_YOUR TASK:_ The entries below are to be written out again without alteration.

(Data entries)
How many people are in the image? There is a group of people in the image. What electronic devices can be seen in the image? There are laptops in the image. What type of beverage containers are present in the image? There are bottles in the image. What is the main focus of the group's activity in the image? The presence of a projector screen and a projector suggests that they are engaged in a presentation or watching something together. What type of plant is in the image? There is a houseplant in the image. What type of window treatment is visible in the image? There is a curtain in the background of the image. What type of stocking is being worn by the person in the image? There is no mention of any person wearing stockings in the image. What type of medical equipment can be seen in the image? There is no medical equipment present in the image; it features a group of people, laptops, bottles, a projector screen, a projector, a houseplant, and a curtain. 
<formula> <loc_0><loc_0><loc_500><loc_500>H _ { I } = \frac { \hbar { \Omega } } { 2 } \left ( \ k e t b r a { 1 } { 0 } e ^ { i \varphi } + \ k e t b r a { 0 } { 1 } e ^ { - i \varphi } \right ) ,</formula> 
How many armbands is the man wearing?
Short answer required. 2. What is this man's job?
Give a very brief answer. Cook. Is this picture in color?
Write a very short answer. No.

_ANSWER SPACE:_
How many people are in the image? There is a group of people in the image. What electronic devices can be seen in the image? There are laptops in the image. What type of beverage containers are present in the image? There are bottles in the image. What is the main focus of the group's activity in the image? The presence of a projector screen and a projector suggests that they are engaged in a presentation or watching something together. What type of plant is in the image? There is a houseplant in the image. What type of window treatment is visible in the image? There is a curtain in the background of the image. What type of stocking is being worn by the person in the image? There is no mention of any person wearing stockings in the image. What type of medical equipment can be seen in the image? There is no medical equipment present in the image; it features a group of people, laptops, bottles, a projector screen, a projector, a houseplant, and a curtain. 
<formula> <loc_0><loc_0><loc_500><loc_500>H _ { I } = \frac { \hbar { \Omega } } { 2 } \left ( \ k e t b r a { 1 } { 0 } e ^ { i \varphi } + \ k e t b r a { 0 } { 1 } e ^ { - i \varphi } \right ) ,</formula> 
How many armbands is the man wearing?
Short answer required. 2. What is this man's job?
Give a very brief answer. Cook. Is this picture in color?
Write a very short answer. No.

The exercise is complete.